As a child, Ashurst and his friends would play in the irrigation pipes surrounding the growing fields. He drives into the fields and shows us the Mullins Pipe, where he earned a scar on his scalp from a childhood dive. He’s remained on this same land at the family beekeeping operation.

For the farmers that grew up in the Imperial Valley on family-owned farms, the past decade has not been simple. Many of these operators say that rising labor costs, regulatory constraints, water restrictions, and an overall rising cost of doing business are contributing to the fear that the Imperial Valley farm business is not delivering local residents the promise of bounty that it was sold on a hundred years ago.

At the same time, the county has become a key player in the national food supply chain: American consumers will still need winter produce (and cows, their hay). These lithium mines, which are slated to line the Salton Sea, 20 miles away from Brawley, the town at the approximate geographic center of farm country,are still in early stages of development.

One of these mine projects, Controlled Thermal Resources’ Hell’s Kitchen, plans to engineer small-physical-footprint, closed-loop mines with nearly no carbon emissions. Unlike open pit mining, CTR’s planned process is one of the cleanest lithium mining proposals in the country, and perhaps the world. Even with the promise of sustainable design, the process would require a modest allotment of water from the Imperial Irrigation District.

In 2020, CTR signed a contract with the IID to provide a 25-year term supply of 40 megawatts of geothermal energy yearly from their yet unbuilt Hell’s Kitchen facility. Even if mines like Hell’s Kitchen have little environmental impact on the valley, the economic conditions created within a region Governor Gavin Newsom once called “the Saudi Arabia of Lithium” are of local concern.

Nobody knows what will happen next.

Cold, low-oxygen bee storage offers a “brood break” to slow the spread of parasites.

It must be strange, I think, to spend your life among the lettuce, carrots, onions, and spinach that are destined to end up on dinner tables across the country. Farmers send the product of their labor to such varied locations, but cannot themself move their means of production. As costs continue to punch the sustainability of the farming business down, these farmers struggle with the location of their land. “I guess we’re paying the penalty for being here,” Ashurst says.

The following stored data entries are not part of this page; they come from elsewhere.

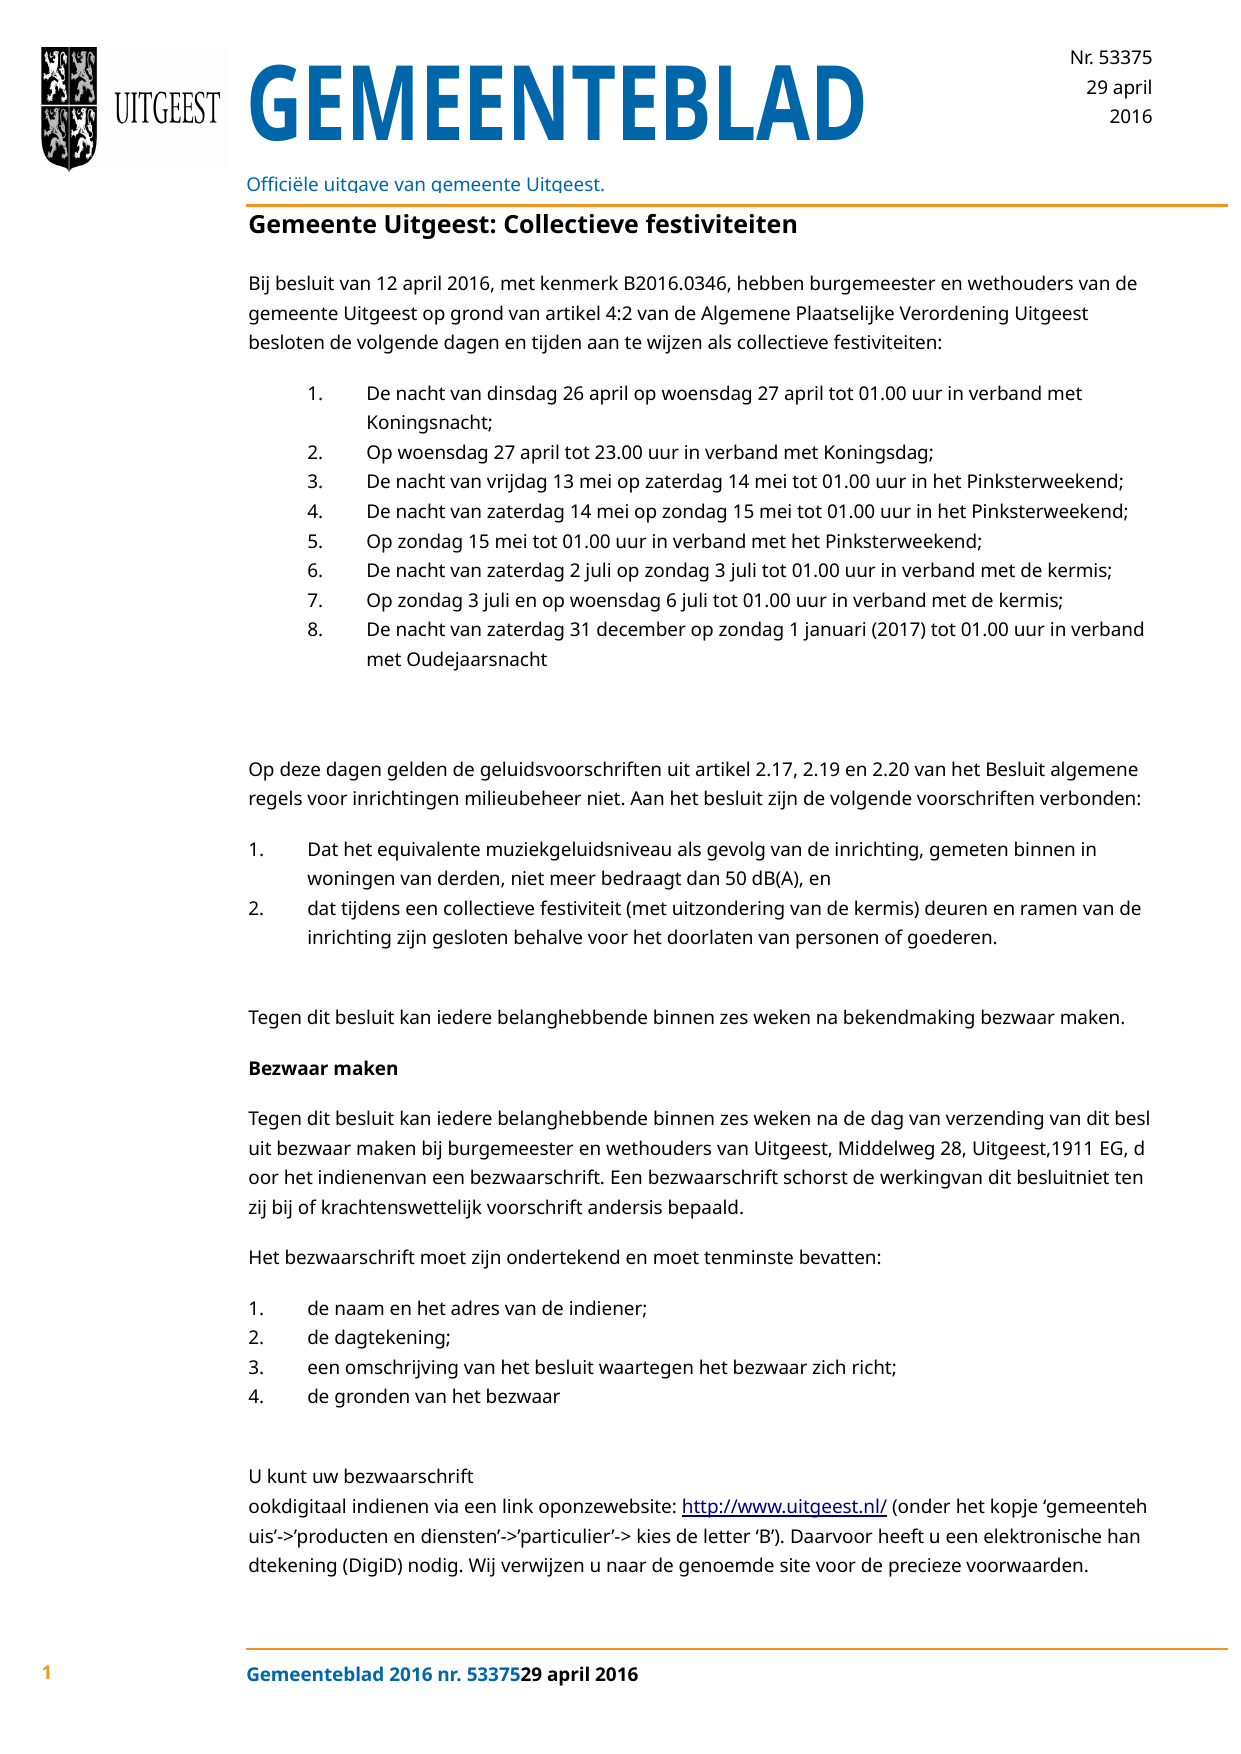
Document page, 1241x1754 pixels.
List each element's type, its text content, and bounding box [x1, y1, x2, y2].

list een omschrijving van het besluit waartegen het bezwaar zich richt; [248, 1354, 1152, 1380]
list De nacht van vrijdag 13 mei op zaterdag 14 mei tot 01.00 uur in het Pinksterweekend; [307, 469, 1152, 494]
list De nacht van zaterdag 31 december op zondag 1 januari (2017) tot 01.00 uur in verband met Oudejaarsnacht [307, 617, 1152, 672]
text Bij besluit van 12 april 2016, met kenmerk B2016.0346, hebben burgemeester en wethouders van de gemeente Uitgeest op grond van artikel 4:2 van de Algemene Plaatselijke Verordening Uitgeest besloten de volgende dagen en tijden aan te wijzen als collectieve festiviteiten: [248, 270, 1152, 355]
text U kunt uw bezwaarschrift ookdigitaal indienen via een link oponzewebsite: http://www.uitgeest.nl/ (onder het kopje ‘gemeentehuis’->’producten en diensten’->’particulier’-> kies de letter ‘B’). Daarvoor heeft u een elektronische handtekening (DigiD) nodig. Wij verwijzen u naar de genoemde site voor de precieze voorwaarden. [248, 1464, 1152, 1578]
text Bezwaar maken [248, 1055, 1152, 1081]
list Op woensdag 27 april tot 23.00 uur in verband met Koningsdag; [307, 439, 1152, 465]
list De nacht van dinsdag 26 april op woensdag 27 april tot 01.00 uur in verband met Koningsnacht; [307, 380, 1152, 435]
list Dat het equivalente muziekgeluidsniveau als gevolg van de inrichting, gemeten binnen in woningen van derden, niet meer bedraagt dan 50 dB(A), en [248, 836, 1152, 891]
text Tegen dit besluit kan iedere belanghebbende binnen zes weken na de dag van verzending van dit besluit bezwaar maken bij burgemeester en wethouders van Uitgeest, Middelweg 28, Uitgeest,1911 EG, door het indienenvan een bezwaarschrift. Een bezwaarschrift schorst de werkingvan dit besluitniet tenzij bij of krachtenswettelijk voorschrift andersis bepaald. [248, 1105, 1152, 1220]
text Op deze dagen gelden de geluidsvoorschriften uit artikel 2.17, 2.19 en 2.20 van het Besluit algemene regels voor inrichtingen milieubeheer niet. Aan het besluit zijn de volgende voorschriften verbonden: [248, 756, 1152, 811]
text Het bezwaarschrift moet zijn ondertekend en moet tenminste bevatten: [248, 1244, 1152, 1270]
list de naam en het adres van de indiener; [248, 1295, 1152, 1321]
picture [41, 47, 231, 172]
list Op zondag 3 juli en op woensdag 6 juli tot 01.00 uur in verband met de kermis; [307, 587, 1152, 613]
list dat tijdens een collectieve festiviteit (met uitzondering van de kermis) deuren en ramen van de inrichting zijn gesloten behalve voor het doorlaten van personen of goederen. [248, 895, 1152, 950]
text Tegen dit besluit kan iedere belanghebbende binnen zes weken na bekendmaking bezwaar maken. [248, 1004, 1152, 1030]
list de gronden van het bezwaar [248, 1384, 1152, 1409]
list De nacht van zaterdag 14 mei op zondag 15 mei tot 01.00 uur in het Pinksterweekend; [307, 498, 1152, 524]
list De nacht van zaterdag 2 juli op zondag 3 juli tot 01.00 uur in verband met de kermis; [307, 557, 1152, 583]
list de dagtekening; [248, 1324, 1152, 1350]
text Gemeente Uitgeest: Collectieve festiviteiten [248, 207, 1152, 241]
list Op zondag 15 mei tot 01.00 uur in verband met het Pinksterweekend; [307, 528, 1152, 553]

On lithium: “Okay, I don’t like it. It worries me a little bit.” In the wake of so many existing challenges, Ashurst’s not sure how the county will react to the new lithium industry. He considers Montana, where he runs another pollination-and-honey operation. There, he says, “You can’t hire locals. They don’t work for you because they either work on their own farm, or the family farm, while [the locals] work in the oil field.” The presence of a new commodity industry in farm country has the ability to quickly impact what are often fairly small local labor markets.

The White Gold Rush

By the bulbous eastern tip of the Salton Sea, I drive three and a half miles down a gravel road to visit an unmarked test site. An oxidized metal structure seated on otherwise blank, unfootprinted desert land, the two brine straws and sole extraction rig looking like a Richard Serra sculpture of a mine, rather than a mine itself. It’s so hot that standing outside for 15 minutes causes my phone to overheat and shut down. (The first time I visited the Salton Sea, in January, the weather was pleasantly warm, and the land was covered in shocking miles of unmanned vegetation. During this winter drive, the Salton Sea’s chemical haze made the body of water look endless. I felt alone enough that I could fall off the edge of the earth into the toxic lake.)

I’ve been invited here by Jim Turner, president of CTR, the developer of Hell’s Kitchen (named after a mid-century Salton Sea dance hall) mining and geothermal energy project, one of three new endeavors to mine lithium in Imperial County. BHE Renewables (a subsidiary of Berkshire Hathaway Energy) and Energy Source Minerals are the other two players in the region. Turner is soft spoken, but he’s grown used to teaching local residents about what’s happening in this corner of the country he’s found his career in. “There’s no reason to bring your bathing suit and go to the Salton Sea,” he says, “so it’s ... [a matter of] constant education.”

Lithium brine enters S-shaped “straws” below the surface of the earth at approximately 700 degrees Fahrenheit and cools to 500 degrees Fahrenheit by the time it reaches the surface.

Every chart that shows the past tally and the future growth of the global demand for lithium displays a comically impressive exponential curve. The transformation of the car market means that now 90 percent of lithium mined is now used in the electric vehicle battery production. Once responsible for a third of the world’s lithium production, the United States is now only responsible for a sliver of the total mined supply; Australia, Chile, and China now export the majority of what’s commercially available. But across the United States, new mining outfits have thrown their hat in the ring to meet rising demand.

Since the 1980s, the region’s lithium brine has been used for geothermal energy, but not mined. Imperial’s motherlode — estimated to contain 127,000 metric tons of lithium carbonate equivalent per year — was discovered underneath the briny, earthen crust alongside the Salton Sea. In one CTR brochure, a terminal proposed project stage claims between 175,000 and 250,000 tons per year are capable of being produced. That’s a greater planned yearly output than what was proposed by Nevada’s Thacker Pass, which boasts that it sits on the “world’s largest known measured lithium Resource and Reserve.” Basically, there’s a hell of a lot of lithium.

The unmarked Hell’s Kitchen test rig lies three miles down an inconspicuous gravel road.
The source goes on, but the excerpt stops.